Complicating things further is that more end-users rely on data that originates from external sources, such as a SaaS-based app, a cloud-based market data provider or on data that is managed entirely by third parties. In addition, many users still revert to spreadsheet and personal databases and storage media that circumvent defined data management policies of a formal governance program, wreaking havoc in production environments when their data does not sync with the “golden” file.

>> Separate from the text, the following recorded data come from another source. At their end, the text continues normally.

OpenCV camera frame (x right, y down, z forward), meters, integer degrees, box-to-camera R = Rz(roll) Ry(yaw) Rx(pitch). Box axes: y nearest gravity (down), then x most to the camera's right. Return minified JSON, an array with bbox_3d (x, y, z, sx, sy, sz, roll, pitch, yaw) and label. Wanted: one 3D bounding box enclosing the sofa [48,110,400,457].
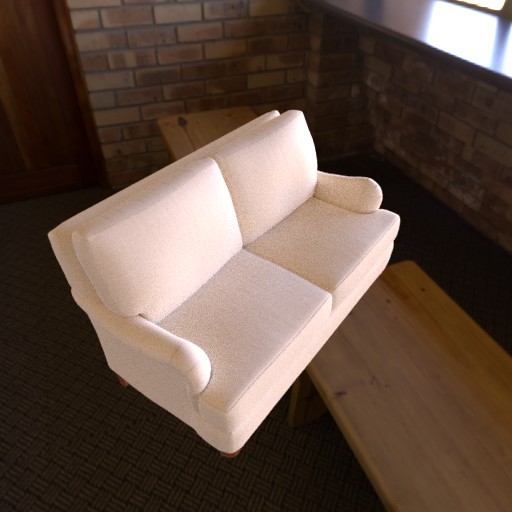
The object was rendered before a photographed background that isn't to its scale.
[{"bbox_3d":[0.000,0.000,2.592,1.084,1.101,1.853,26,46,27],"label":"sofa"}]
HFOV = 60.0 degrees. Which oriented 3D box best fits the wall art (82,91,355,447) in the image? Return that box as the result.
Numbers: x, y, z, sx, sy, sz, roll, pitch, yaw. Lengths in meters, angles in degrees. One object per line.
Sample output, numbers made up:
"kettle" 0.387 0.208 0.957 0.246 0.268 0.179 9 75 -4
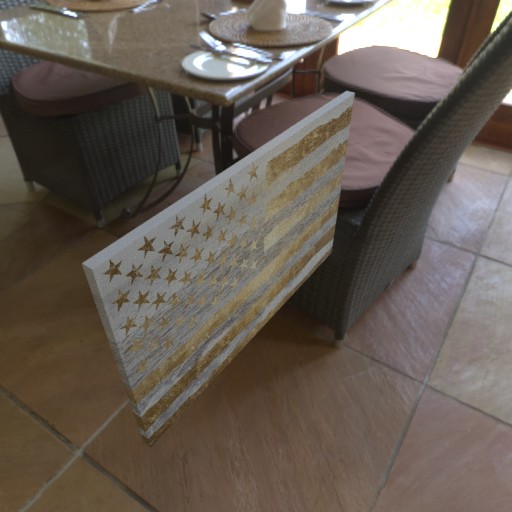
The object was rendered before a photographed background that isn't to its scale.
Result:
"wall art" 0.000 0.000 1.204 0.027 0.610 0.932 26 47 26
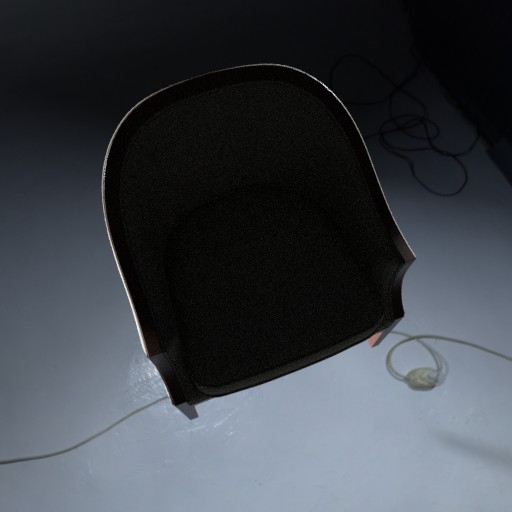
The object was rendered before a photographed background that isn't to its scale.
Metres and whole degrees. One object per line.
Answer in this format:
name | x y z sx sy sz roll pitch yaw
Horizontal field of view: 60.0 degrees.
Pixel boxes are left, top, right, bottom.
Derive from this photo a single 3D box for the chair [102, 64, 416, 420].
chair | 0.000 0.000 1.433 0.803 0.876 0.735 -19 65 -9
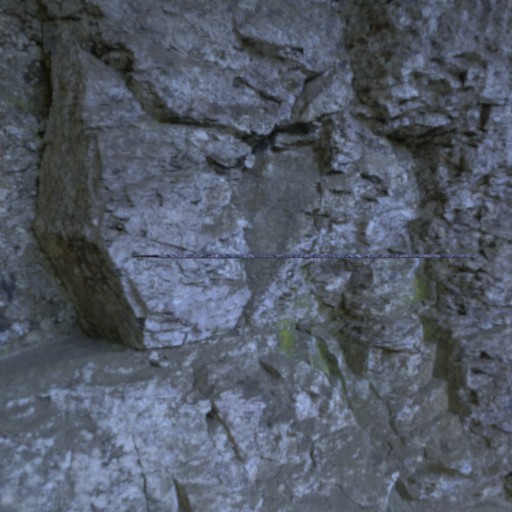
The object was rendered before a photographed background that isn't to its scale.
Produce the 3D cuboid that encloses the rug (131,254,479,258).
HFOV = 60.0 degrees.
[{"bbox_3d":[0.000,0.000,2.255,1.158,0.013,1.752,0,0,-18],"label":"rug"}]
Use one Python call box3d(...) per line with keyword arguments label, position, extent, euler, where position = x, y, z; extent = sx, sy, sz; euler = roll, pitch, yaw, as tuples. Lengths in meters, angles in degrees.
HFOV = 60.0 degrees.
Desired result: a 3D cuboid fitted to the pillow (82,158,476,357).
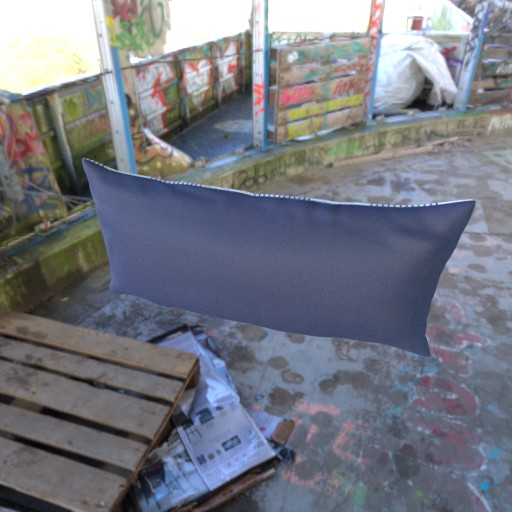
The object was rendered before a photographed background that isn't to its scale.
box3d(label="pillow", position=(0.000, 0.000, 0.738), extent=(0.610, 0.287, 0.151), euler=(9, 33, 14))
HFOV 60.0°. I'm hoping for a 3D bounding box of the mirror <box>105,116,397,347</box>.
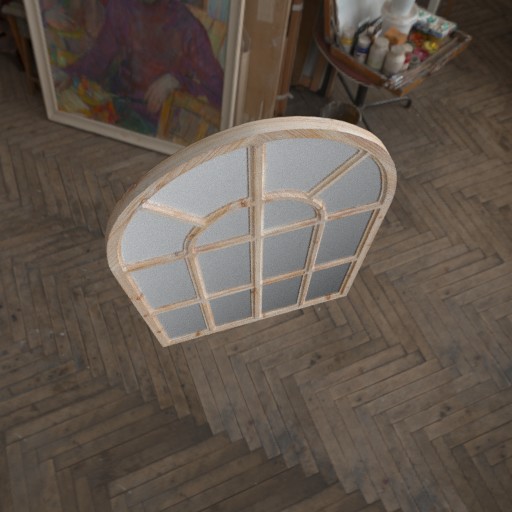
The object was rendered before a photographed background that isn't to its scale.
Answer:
[{"bbox_3d":[0.000,0.000,1.129,0.660,0.920,0.032,-15,64,-7],"label":"mirror"}]
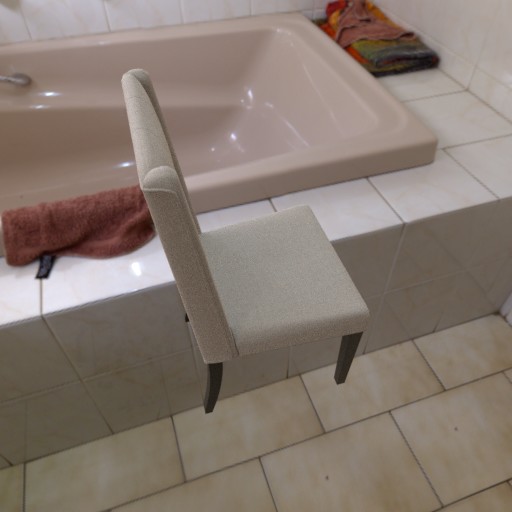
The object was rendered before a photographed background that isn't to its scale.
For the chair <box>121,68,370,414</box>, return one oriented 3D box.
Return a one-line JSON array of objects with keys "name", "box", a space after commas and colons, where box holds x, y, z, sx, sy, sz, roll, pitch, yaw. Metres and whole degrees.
[{"name": "chair", "box": [0.000, 0.000, 1.260, 0.523, 0.961, 0.474, -12, 48, -11]}]

However, since master data is used by multiple applications, errors in the “golden” file can cause errors in all the apps that use it. Consequences can range from compliance violations and fines around new LEI requirements to catastrophic trading losses caused by inaccurate or inconsistent reference data. These examples illustrate the importance of linking MDM to data quality in order to ensure that the data going into the central repository is clean and has a clear history of versioning.
A pragmatic approach
In an ideal world, MDM works most effectively when deployed across the entire institution. But is a single version of the truth ever attainable in firms with far flung operating units that have their own budgets, application and data silos, and business objectives? The risk and expense of an enterprise-wide effort coupled with political issues around data ownership may make it easier to go incrementally, with the first project using a few key sources of metadata. A few short-term successes can assure further constituency support and resources.
Rather than architect a centralized MDM hub consider a registry style hub instead. A registry still matches and cleans the data, but creates a metadata index that points to the master data in source systems instead of storing the entire master data file. Since most financial institutions have large, heterogeneous systems, a registry approach can be faster and cheaper to implement with less politics since the master data does not go to a centralized hub which then overwrites the master data in the source system.
The key is to shift from worrying about the “golden” file to providing application users with a consistent representation of shared information. The registry’s metadata is updated regularly and automatically from all data sources, providing the availability that users need to then derive context for upstream analytics and sharing. The more line of business users are involved in all aspects of governance, the better their expectations and requirements can be met. Success with the registry approach can then be extended to a broader MDM initiative, particularly as firms seek to incorporate big data into their analytics and decision-making.